++++ Information shown

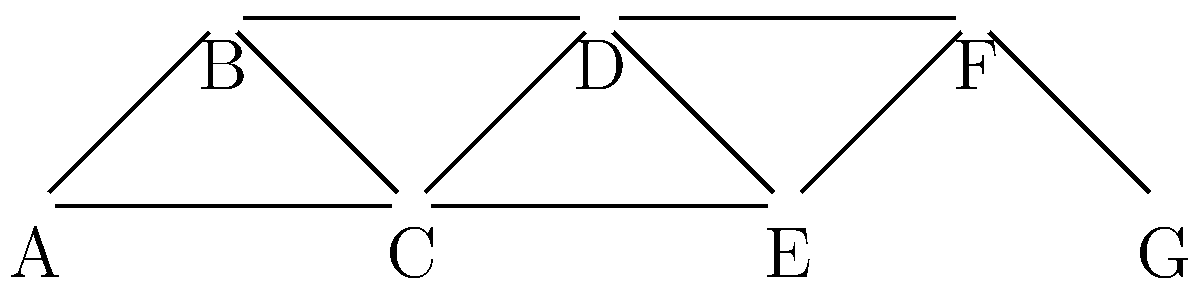Given the co-authorship network shown above, where nodes represent researchers and edges represent collaborations, identify the number of distinct research clusters using the Girvan-Newman algorithm. Assume that the algorithm terminates when the modularity score is maximized. To identify the number of distinct research clusters using the Girvan-Newman algorithm, we follow these steps:

1. Calculate the betweenness centrality for all edges in the network.
2. Remove the edge with the highest betweenness centrality.
3. Recalculate betweenness centralities for all remaining edges.
4. Repeat steps 2 and 3 until the network is fully disconnected.
5. Calculate the modularity score for each division of the network.
6. Choose the division with the highest modularity score.

Let's apply this process to our network:

Step 1: The edge with the highest betweenness centrality is likely C-D, as it connects two dense subgraphs.

Step 2: Remove edge C-D.

Step 3-4: Repeat the process. The next edges to be removed would likely be B-D and C-E.

Step 5-6: After these removals, we have three distinct clusters:
- Cluster 1: A, B, C
- Cluster 2: D, E, F
- Cluster 3: G

This division likely maximizes the modularity score, as it creates dense internal connections within clusters and sparse connections between clusters.

Therefore, the Girvan-Newman algorithm identifies 3 distinct research clusters in this co-authorship network.
Answer: 3 clusters

++++++++

(Your goal) Write every record out again exactly as written. Pictures don't belong in the copy.

(Your solution)
Given the co-authorship network shown above, where nodes represent researchers and edges represent collaborations, identify the number of distinct research clusters using the Girvan-Newman algorithm. Assume that the algorithm terminates when the modularity score is maximized. To identify the number of distinct research clusters using the Girvan-Newman algorithm, we follow these steps:

1. Calculate the betweenness centrality for all edges in the network.
2. Remove the edge with the highest betweenness centrality.
3. Recalculate betweenness centralities for all remaining edges.
4. Repeat steps 2 and 3 until the network is fully disconnected.
5. Calculate the modularity score for each division of the network.
6. Choose the division with the highest modularity score.

Let's apply this process to our network:

Step 1: The edge with the highest betweenness centrality is likely C-D, as it connects two dense subgraphs.

Step 2: Remove edge C-D.

Step 3-4: Repeat the process. The next edges to be removed would likely be B-D and C-E.

Step 5-6: After these removals, we have three distinct clusters:
- Cluster 1: A, B, C
- Cluster 2: D, E, F
- Cluster 3: G

This division likely maximizes the modularity score, as it creates dense internal connections within clusters and sparse connections between clusters.

Therefore, the Girvan-Newman algorithm identifies 3 distinct research clusters in this co-authorship network.
Answer: 3 clusters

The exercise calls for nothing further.